At this time, most countries today in Africa didn’t exist as we know them today. Even with the boundaries today, people move from one region to another. Some tribes are nomadic. There have also been a lot of intermarriages and migration. There are significant numbers of people in Sierra Leone who are of Yoruba or Igbo descent. The Tuaregs and Fulas are very nomadic. The Bambara, Mandes and Madingoes are in several countries. It is hard to pinpoint one country or one tribe. Some tribes that existed then are either extinct or have been absorbed into others. It is doubtful whether there are historians in the west who have studied these migration patterns or fully understand them in the absence of any documentation. Our bloodlines have mixed over the years and no single African ethnic group has a monopoly on a genetic signature. Since most people have multiple ethnic and ancestral backgrounds, this means DNA tests most likely won’t be able to capture the whole breadth of their stories.

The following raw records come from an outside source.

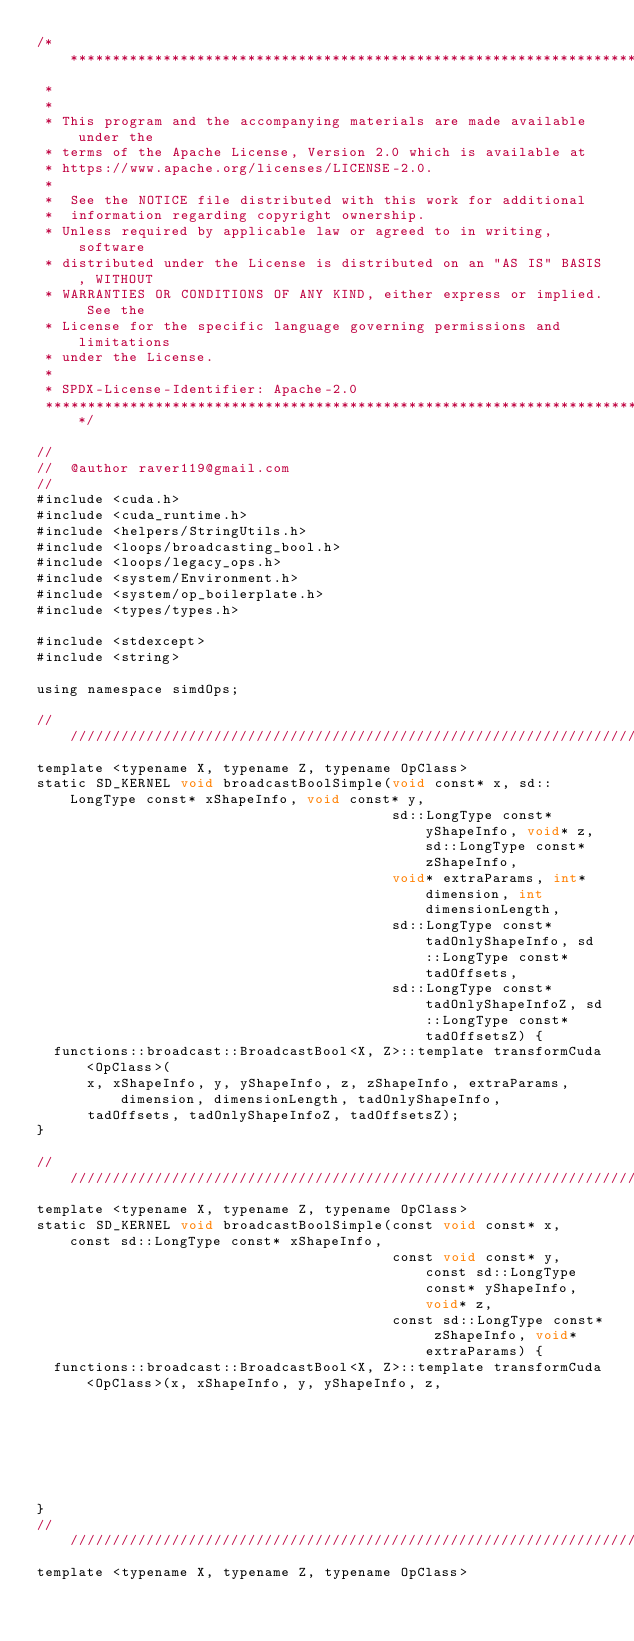Convert code to text. <code><loc_0><loc_0><loc_500><loc_500><_Cuda_>/* ******************************************************************************
 *
 *
 * This program and the accompanying materials are made available under the
 * terms of the Apache License, Version 2.0 which is available at
 * https://www.apache.org/licenses/LICENSE-2.0.
 *
 *  See the NOTICE file distributed with this work for additional
 *  information regarding copyright ownership.
 * Unless required by applicable law or agreed to in writing, software
 * distributed under the License is distributed on an "AS IS" BASIS, WITHOUT
 * WARRANTIES OR CONDITIONS OF ANY KIND, either express or implied. See the
 * License for the specific language governing permissions and limitations
 * under the License.
 *
 * SPDX-License-Identifier: Apache-2.0
 ******************************************************************************/

//
//  @author raver119@gmail.com
//
#include <cuda.h>
#include <cuda_runtime.h>
#include <helpers/StringUtils.h>
#include <loops/broadcasting_bool.h>
#include <loops/legacy_ops.h>
#include <system/Environment.h>
#include <system/op_boilerplate.h>
#include <types/types.h>

#include <stdexcept>
#include <string>

using namespace simdOps;

//////////////////////////////////////////////////////////////////////////
template <typename X, typename Z, typename OpClass>
static SD_KERNEL void broadcastBoolSimple(void const* x, sd::LongType const* xShapeInfo, void const* y,
                                          sd::LongType const* yShapeInfo, void* z, sd::LongType const* zShapeInfo,
                                          void* extraParams, int* dimension, int dimensionLength,
                                          sd::LongType const* tadOnlyShapeInfo, sd::LongType const* tadOffsets,
                                          sd::LongType const* tadOnlyShapeInfoZ, sd::LongType const* tadOffsetsZ) {
  functions::broadcast::BroadcastBool<X, Z>::template transformCuda<OpClass>(
      x, xShapeInfo, y, yShapeInfo, z, zShapeInfo, extraParams, dimension, dimensionLength, tadOnlyShapeInfo,
      tadOffsets, tadOnlyShapeInfoZ, tadOffsetsZ);
}

//////////////////////////////////////////////////////////////////////////
template <typename X, typename Z, typename OpClass>
static SD_KERNEL void broadcastBoolSimple(const void const* x, const sd::LongType const* xShapeInfo,
                                          const void const* y, const sd::LongType const* yShapeInfo, void* z,
                                          const sd::LongType const* zShapeInfo, void* extraParams) {
  functions::broadcast::BroadcastBool<X, Z>::template transformCuda<OpClass>(x, xShapeInfo, y, yShapeInfo, z,
                                                                             zShapeInfo, extraParams);
}
//////////////////////////////////////////////////////////////////////////
template <typename X, typename Z, typename OpClass></code>

As a result, ancestry testing companies do not match people to one geographical area or region; they assign precise percentages.

 

In addition, there are limits to how much DNA we can pass down. DNA inheritance is random. At most, only half of someone’s DNA can be passed down. Beyond your parents, on average, we have about 25% of your genetic information coming from each grandparent and 12.5 from our great-grandparents. The further down you, the less DNA you get from your ancestors. It will be hard to trace much DNA from your ancestors, nine or ten generations down. There is also the phenomenon known as Genetic recombination. Your chromosomes aren’t purely from one grandparent or the other one. Chromosomes get mixed and matched before they are passed on. The amount of DNA that a brother and sister receive from each grandparent will slightly vary. Imagine tracing the ancestry from Africans shipped as slaves 400 years ago.

 

African Ancestry has what it calls an ‘unprecedented partnership’ with the Sierra Leone government through the Ministry of Tourism and Cultural Affairs and its facilitating agency, the Monuments and Relics Commission, to offer citizenship to those who trace their roots to Sierra Leone. Details of this partnership have not been made public and it is doubtful whether Sierra Leone does any retesting or simply takes the findings of African Ancestry as final. We may have adopted the philosophy of Jamaican reggae musician Peter Tosh who, in his song, ‘African,’ stated ‘Don’t care where you come from, As long as you’re a black man, you’re an African, No mind your nationality, You have got the identity of an African.’